Глядя на детей, я впоследствии не раз спрашивал себя: видит ли ребенок дали? Как воспринимает он горизонт, бахрому дальних лесов, профили и фасы гор, складки на их поверхности?
Конечно, он видит их, но видит совсем по-иному. В душе его, не заполненной предметностями, не устроенной еще для упорядочения и классификации вещей, отдаленные предметы отражаются не красками, не линиями, на которые их разлагает взрослый, вооруженный нужным для этого материалом, – а какою-то иной сущностью, действующей непосредственно на чувство. Я ощущаю сейчас Алчак как что-то жуткое и большое, тяготеющее над всем моим ранним детством.
Уже впоследствии, в пять-семь лет, смотря на него, я различил его цвет, его скалистые ребра, его каменную корону на самом конце и выделил все это из единого непередаваемого чувства-ощущения. Чувства-ощущения – вот точное психологическое наименование тех переживаний, которые уже непостижимы для взрослого в таком количестве и с такой яркостью. Они-то и есть неотъемлемое богатство ребенка, которым живет и созидается его мир.

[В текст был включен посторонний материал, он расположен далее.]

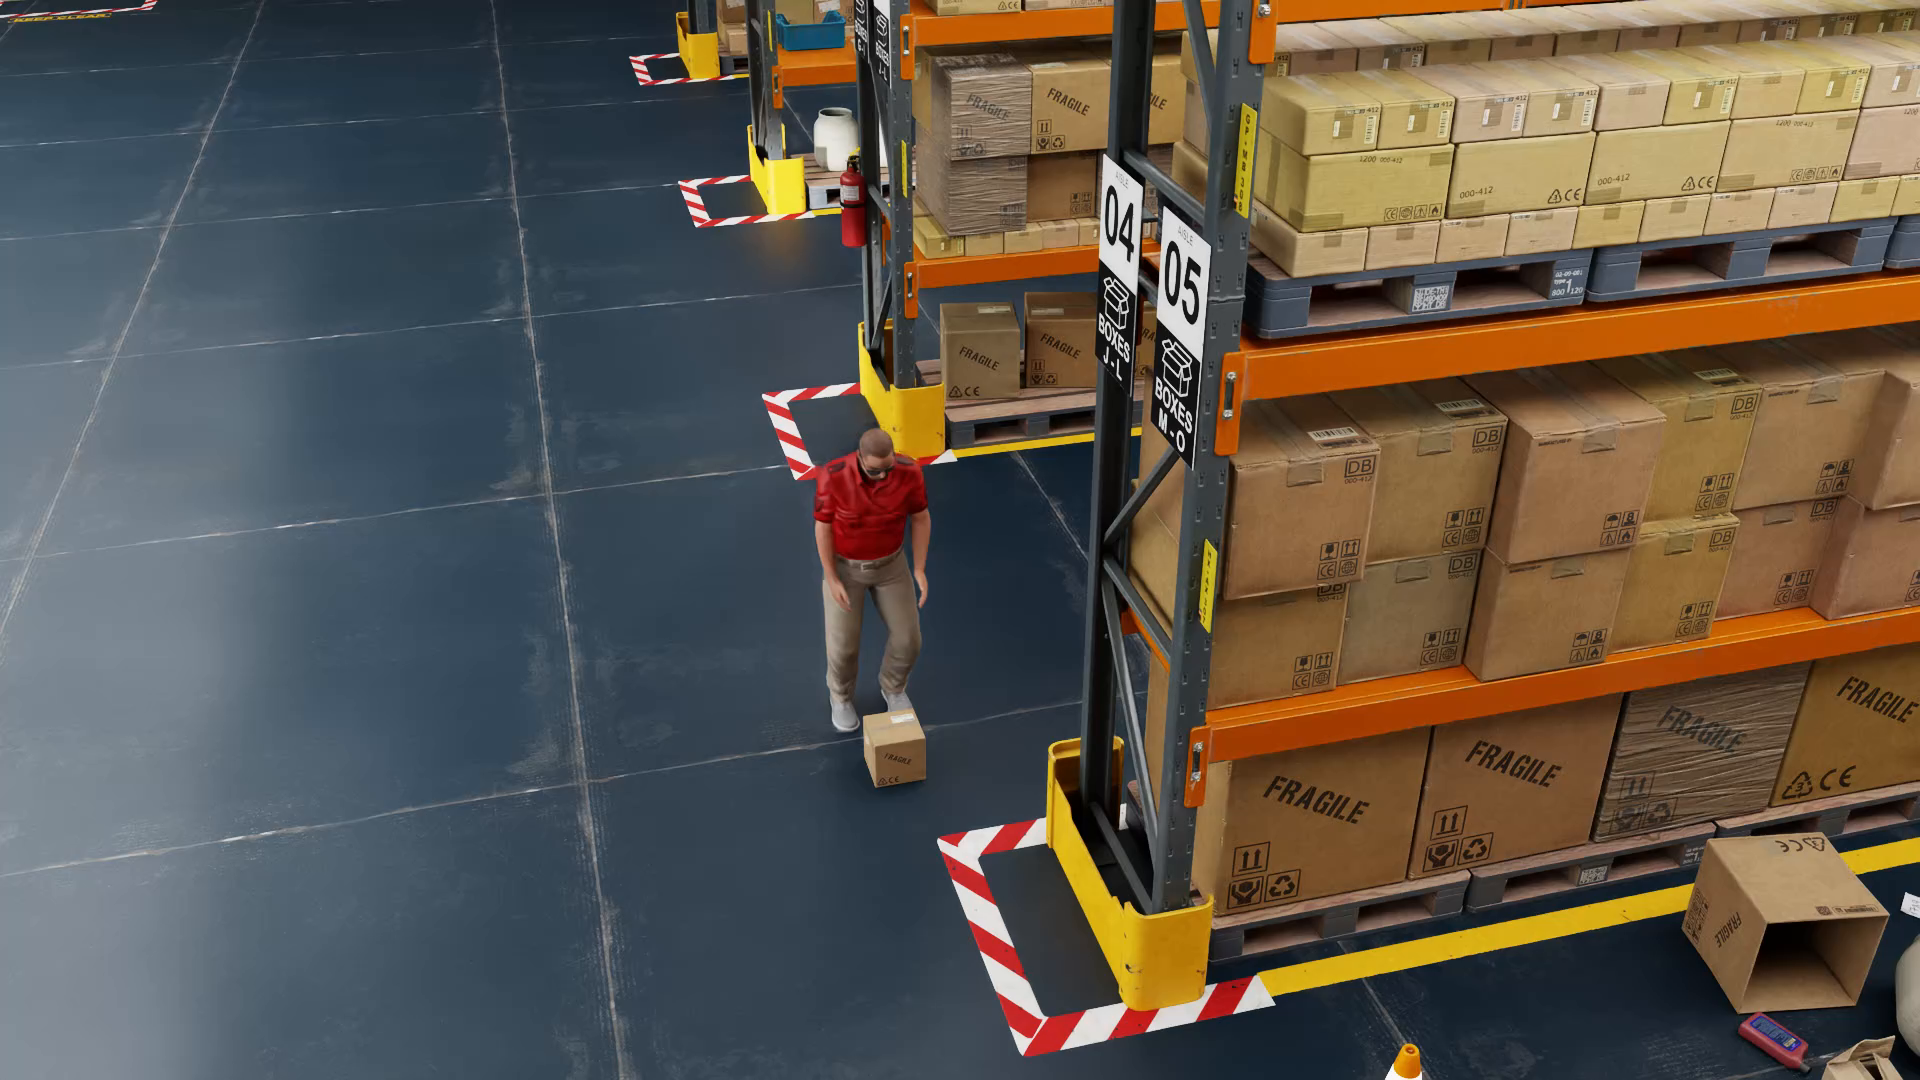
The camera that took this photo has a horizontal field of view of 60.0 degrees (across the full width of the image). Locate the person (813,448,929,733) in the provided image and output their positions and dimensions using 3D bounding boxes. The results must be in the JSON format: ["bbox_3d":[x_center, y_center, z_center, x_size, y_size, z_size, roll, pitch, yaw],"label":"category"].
[{"bbox_3d":[-0.428,0.205,8.137,0.560,1.508,0.407,-7,31,-12],"label":"person"}]
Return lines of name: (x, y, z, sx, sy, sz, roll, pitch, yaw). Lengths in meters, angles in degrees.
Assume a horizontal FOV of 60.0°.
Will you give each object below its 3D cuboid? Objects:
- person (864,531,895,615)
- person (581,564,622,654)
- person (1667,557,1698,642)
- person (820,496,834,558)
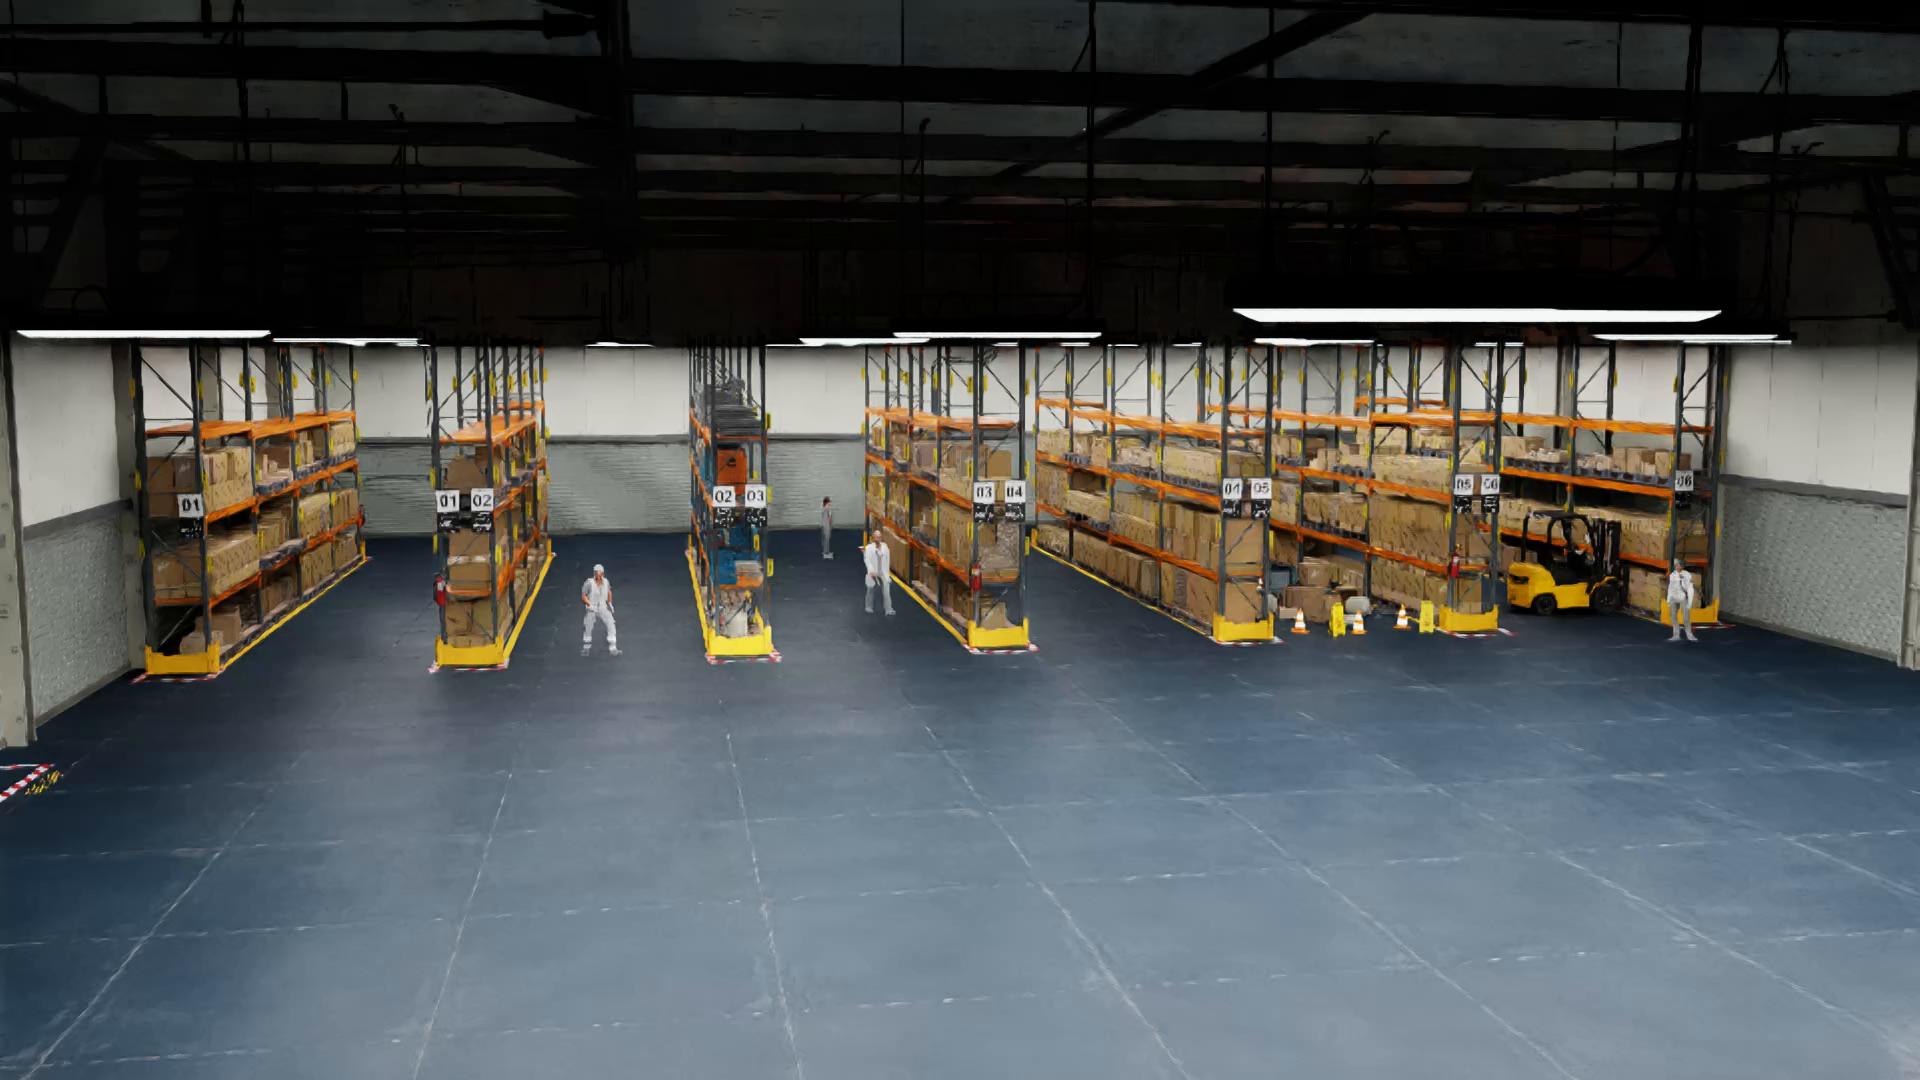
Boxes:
person: (-1.693, 0.669, 34.135, 0.580, 1.714, 1.105, -2, 7, -19)
person: (-6.780, 1.297, 31.141, 0.678, 1.725, 0.789, -4, 8, -30)
person: (14.211, 1.162, 32.721, 0.516, 1.664, 0.568, -5, 8, -37)
person: (-3.624, -0.365, 45.759, 0.454, 1.679, 0.538, -5, 8, -37)
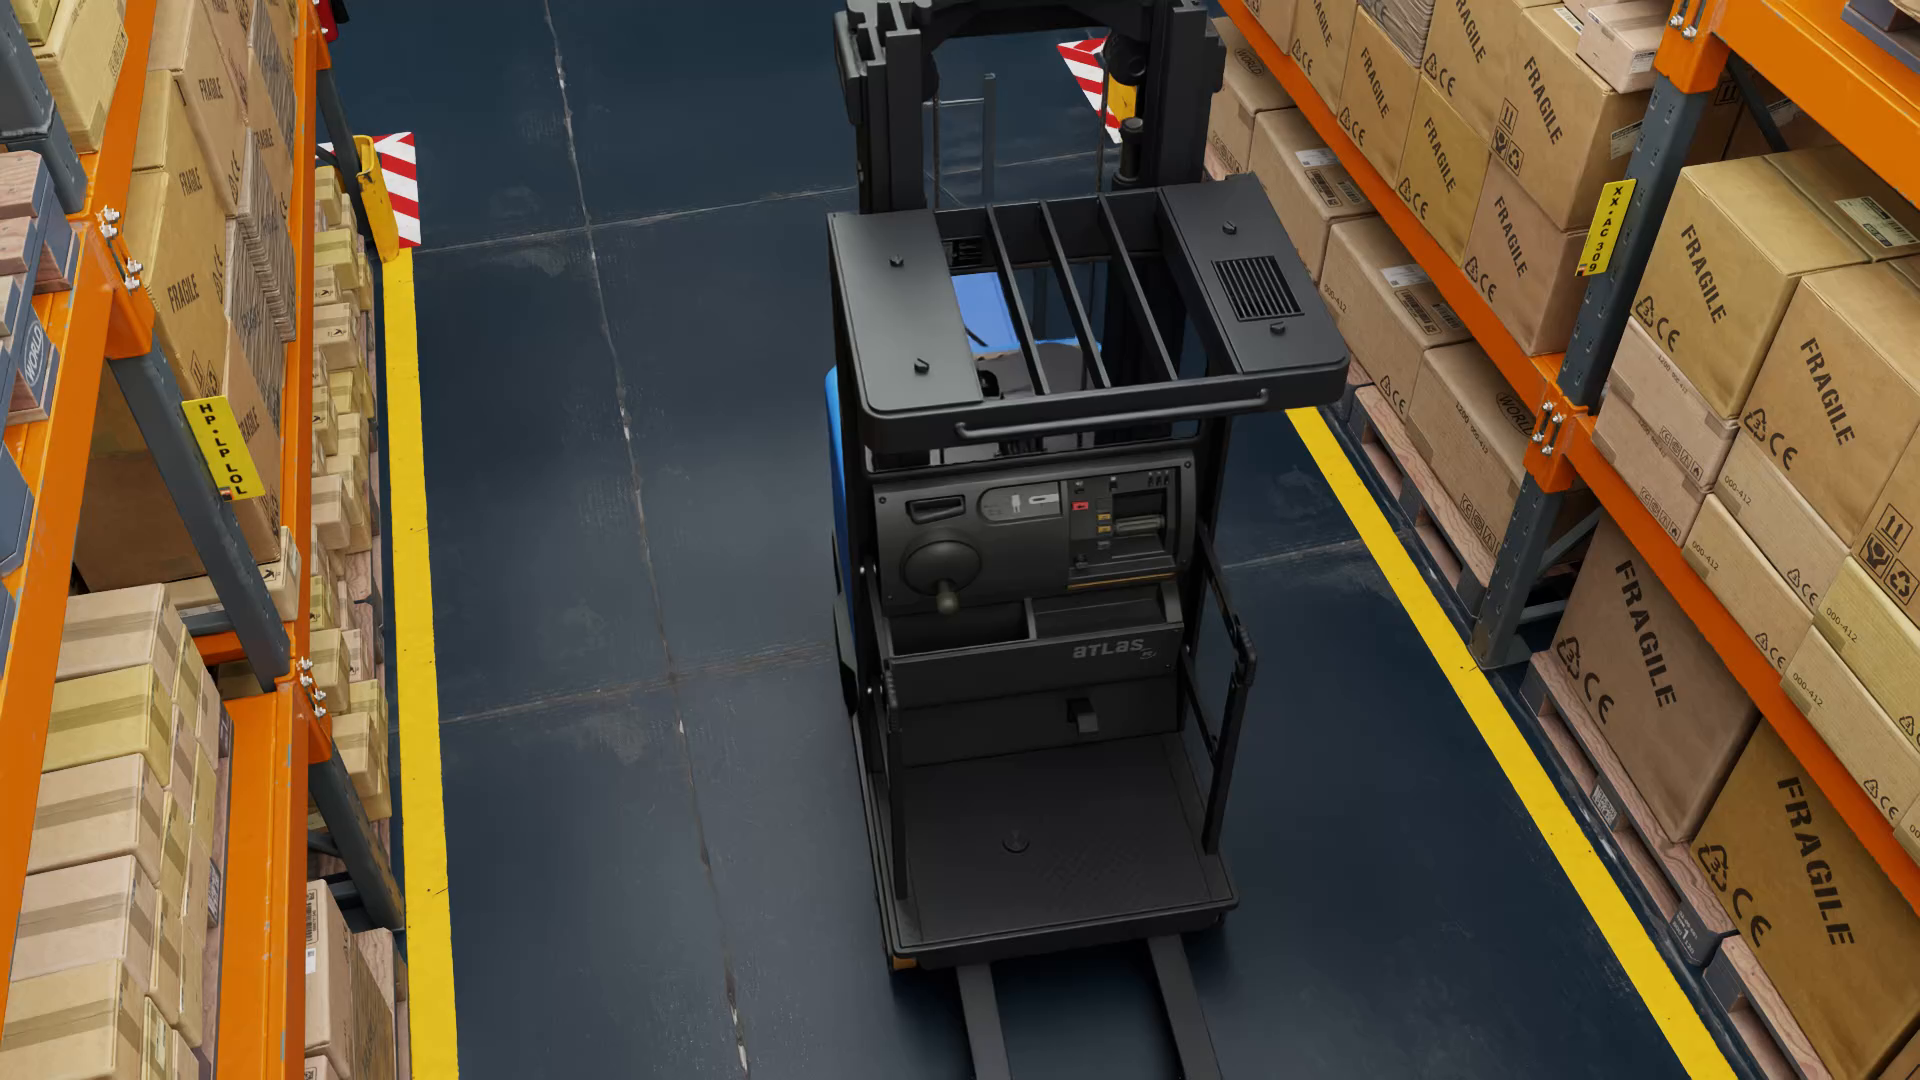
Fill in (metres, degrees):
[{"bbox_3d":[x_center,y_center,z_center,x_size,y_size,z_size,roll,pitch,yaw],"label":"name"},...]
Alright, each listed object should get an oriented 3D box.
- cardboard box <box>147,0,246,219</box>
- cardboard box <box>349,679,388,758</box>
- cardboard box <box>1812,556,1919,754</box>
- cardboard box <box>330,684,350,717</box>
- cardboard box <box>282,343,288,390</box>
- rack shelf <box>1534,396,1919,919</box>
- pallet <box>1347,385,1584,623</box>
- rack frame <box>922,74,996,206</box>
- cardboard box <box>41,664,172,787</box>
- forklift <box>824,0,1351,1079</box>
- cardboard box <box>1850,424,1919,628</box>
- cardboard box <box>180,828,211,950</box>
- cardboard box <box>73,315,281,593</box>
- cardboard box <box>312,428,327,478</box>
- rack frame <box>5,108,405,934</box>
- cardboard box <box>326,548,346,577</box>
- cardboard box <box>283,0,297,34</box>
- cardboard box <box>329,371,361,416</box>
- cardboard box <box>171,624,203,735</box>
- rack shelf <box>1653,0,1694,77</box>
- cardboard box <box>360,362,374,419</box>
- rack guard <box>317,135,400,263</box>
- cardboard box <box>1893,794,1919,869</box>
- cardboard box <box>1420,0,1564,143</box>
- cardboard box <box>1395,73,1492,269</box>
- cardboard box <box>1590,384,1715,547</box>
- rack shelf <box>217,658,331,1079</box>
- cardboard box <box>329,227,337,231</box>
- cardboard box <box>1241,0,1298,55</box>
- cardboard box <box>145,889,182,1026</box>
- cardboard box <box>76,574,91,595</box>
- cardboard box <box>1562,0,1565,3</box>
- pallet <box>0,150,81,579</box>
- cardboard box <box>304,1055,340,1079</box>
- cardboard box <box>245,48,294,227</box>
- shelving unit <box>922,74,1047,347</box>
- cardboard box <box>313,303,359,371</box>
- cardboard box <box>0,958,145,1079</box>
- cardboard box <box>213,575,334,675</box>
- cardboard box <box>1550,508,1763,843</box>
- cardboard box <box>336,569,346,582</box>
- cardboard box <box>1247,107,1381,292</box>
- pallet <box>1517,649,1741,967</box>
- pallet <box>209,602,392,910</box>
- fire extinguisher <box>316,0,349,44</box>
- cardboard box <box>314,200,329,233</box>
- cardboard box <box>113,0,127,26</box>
[{"bbox_3d":[-2.455,-1.264,4.910,0.500,0.500,0.500,-10,46,-10],"label":"cardboard box"},{"bbox_3d":[-2.179,0.646,5.718,0.380,0.149,0.250,-9,46,-9],"label":"cardboard box"},{"bbox_3d":[2.535,0.256,4.154,0.500,0.250,0.500,-10,46,-10],"label":"cardboard box"},{"bbox_3d":[-2.263,0.569,5.586,0.380,0.149,0.250,-10,46,-10],"label":"cardboard box"},{"bbox_3d":[-2.407,-0.592,5.406,0.380,0.149,0.250,-10,46,-10],"label":"cardboard box"},{"bbox_3d":[2.943,0.947,4.225,1.077,0.370,4.000,-11,47,-10],"label":"rack shelf"},{"bbox_3d":[2.312,-0.249,6.846,1.003,0.211,1.213,-11,47,-10],"label":"pallet"},{"bbox_3d":[-0.112,-1.234,6.909,0.500,1.500,0.032,-7,46,-7],"label":"rack frame"},{"bbox_3d":[-1.967,0.449,3.675,0.380,0.149,0.250,-12,47,-12],"label":"cardboard box"},{"bbox_3d":[0.259,0.076,4.623,1.130,2.935,3.031,-7,46,-7],"label":"forklift"},{"bbox_3d":[2.549,-0.021,3.900,0.500,0.500,0.500,-12,47,-11],"label":"cardboard box"},{"bbox_3d":[-1.906,0.820,3.728,0.380,0.149,0.250,-11,47,-10],"label":"cardboard box"},{"bbox_3d":[-2.212,-0.238,4.604,0.500,0.500,0.500,-11,47,-11],"label":"cardboard box"},{"bbox_3d":[-2.566,-0.250,6.180,0.380,0.149,0.250,-12,47,-12],"label":"cardboard box"},{"bbox_3d":[-2.328,0.289,4.366,1.000,3.000,0.127,-11,47,-10],"label":"rack frame"},{"bbox_3d":[-2.475,0.026,6.118,0.380,0.149,0.250,-9,46,-8],"label":"cardboard box"},{"bbox_3d":[-2.989,-2.348,6.673,0.500,0.500,0.500,-10,46,-9],"label":"cardboard box"},{"bbox_3d":[-2.614,-0.519,6.652,0.380,0.149,0.250,-9,46,-8],"label":"cardboard box"},{"bbox_3d":[-2.036,0.365,3.966,0.380,0.149,0.250,-9,46,-9],"label":"cardboard box"},{"bbox_3d":[1.919,-2.864,5.860,1.077,0.370,4.000,-11,47,-10],"label":"rack shelf"},{"bbox_3d":[-2.666,-0.606,6.946,0.380,0.149,0.250,-13,47,-12],"label":"cardboard box"},{"bbox_3d":[-3.333,-1.545,7.914,1.175,0.500,0.348,-11,47,-10],"label":"rack guard"},{"bbox_3d":[2.657,0.780,3.991,0.500,0.250,0.500,-11,47,-11],"label":"cardboard box"},{"bbox_3d":[1.921,-1.697,5.543,0.500,0.500,0.500,-11,47,-11],"label":"cardboard box"},{"bbox_3d":[1.928,-1.348,5.901,0.500,0.500,0.500,-12,47,-11],"label":"cardboard box"},{"bbox_3d":[2.288,-0.281,5.030,0.500,0.250,0.500,-12,47,-11],"label":"cardboard box"},{"bbox_3d":[-1.816,1.922,3.270,1.077,0.370,4.000,-11,47,-10],"label":"rack shelf"},{"bbox_3d":[-2.927,-1.223,7.342,0.380,0.149,0.250,-12,47,-11],"label":"cardboard box"},{"bbox_3d":[1.521,-2.399,6.931,0.500,0.500,0.500,-11,47,-11],"label":"cardboard box"},{"bbox_3d":[-1.832,0.906,3.435,0.380,0.149,0.250,-12,47,-12],"label":"cardboard box"},{"bbox_3d":[-2.628,0.223,4.607,0.380,0.149,0.250,-11,47,-11],"label":"cardboard box"},{"bbox_3d":[2.027,-1.828,5.217,0.380,0.149,0.250,-11,47,-10],"label":"cardboard box"},{"bbox_3d":[-2.273,-0.249,2.925,1.213,0.211,1.003,-11,47,-10],"label":"pallet"},{"bbox_3d":[-1.775,1.580,4.032,0.500,0.250,0.500,-9,46,-8],"label":"cardboard box"},{"bbox_3d":[-2.605,-1.297,5.643,0.500,0.500,0.500,-9,46,-8],"label":"cardboard box"},{"bbox_3d":[-0.028,-0.876,6.558,0.538,1.500,1.048,-7,46,-7],"label":"shelving unit"},{"bbox_3d":[-2.646,-0.805,6.724,0.380,0.149,0.250,-9,46,-9],"label":"cardboard box"},{"bbox_3d":[-1.776,0.979,3.155,0.380,0.149,0.250,-12,47,-12],"label":"cardboard box"},{"bbox_3d":[-2.342,0.290,5.651,0.380,0.149,0.250,-11,47,-11],"label":"cardboard box"},{"bbox_3d":[2.667,0.325,5.525,0.875,0.875,0.875,-9,46,-9],"label":"cardboard box"},{"bbox_3d":[-2.509,0.139,6.216,0.380,0.149,0.250,-13,47,-12],"label":"cardboard box"},{"bbox_3d":[1.915,-1.629,7.747,0.875,0.438,0.875,-10,46,-9],"label":"cardboard box"},{"bbox_3d":[2.701,0.810,5.809,1.003,0.211,1.213,-11,47,-10],"label":"pallet"},{"bbox_3d":[-2.535,0.808,5.810,1.003,0.211,1.213,-11,47,-10],"label":"pallet"},{"bbox_3d":[-2.971,-2.573,7.486,0.296,0.674,0.183,-11,47,-10],"label":"fire extinguisher"},{"bbox_3d":[-2.963,-1.326,7.235,0.380,0.149,0.250,-10,46,-10],"label":"cardboard box"},{"bbox_3d":[-2.329,-1.420,4.046,0.500,0.250,0.500,-11,47,-11],"label":"cardboard box"}]

Предметы, находящиеся в детской, рядом со мной, и другие, тоже близкие – деревья, дорога, – в три года уже, по-видимому, редко вызывают их. Эти предметы вошли в общие категории. Они уже имеют название. Я с ними орудую, я их вижу с разных сторон. У них определился объем, заняв некоторую часть известного мне пространства. И они уже не те: они уже незаметны, стали за своими собственными понятиями. Даже дома, заборы, дорожки палисада способны очень скоро перейти в область слишком знакомых, не вызывающих любопытства восприятий. Очень быстро глаз привыкает к прямым линиям, прямым углам, однотипным краскам...
Отдаленные же ландшафты, в частности горы, несут в себе всегда нечто непривычное, не разложимое на столь простые элементы. Недосягаемость далей и их отъединенность от всего интимного, домашнего практически сохраняют за ними их свежесть. Они – предмет величайшего любопытства ребенка, но безмолвного, с которым он большей частью не обращается к взрослым.
Известно, что ребенок задает очень много вопросов, но известно ли, что это лишь ничтожная доля того, что ему хочется знать и о чем он не может спросить?
…Взрослые видят, что их сын стал вдруг серьезен, что его лобик наморщился, что в глазах у него что-то новое, что он не плачет и не улыбается, а находится в странном для него состоянии неподвижности и напряженно, даже мучительно что-то обдумывает. Иногда, впрочем, эти моменты сопровождаются еще и иными рефлексами: мой брат имел в детстве привычку дрожать. Он полураскрывал рот и зубы, полусгибал руки, ноги, пальцы, приводил все мускулы в предельно напряженное состояние и начинал дрожать, причем делал он это именно в те минуты, которые и для меня были самыми волнующими. Помню, как он дрожал, глядя на огонь, стоя перед печкой, дрожал, попав в купе поезда, от нестерпимого чувства уюта и незнания, что с ним делать, с этим чувством, требующим проявления. Мне было тогда лет семь-восемь; ему – года три-четыре. Взрослые беспокоились, обращались к врачам, строили теории, кричали: «Ника, не дрожи!» А плохо знавшие его принимали это даже за Виттову пляску. Но так понятен был мне психологизм этих дрожаний, эта безвыходность одиночества, эта нестерпимость молчать. Ведь я и сам дрожал в свое время, если не внешне, то как-то внутренне. Я смотрел на взрослых, думал, какие они глупые, слушал их обсуждение Никиной «болезни», но даже и тогда мне не приходило в голову вмешаться в их разговор и попытаться сообщить им то, что они как-то не понимали.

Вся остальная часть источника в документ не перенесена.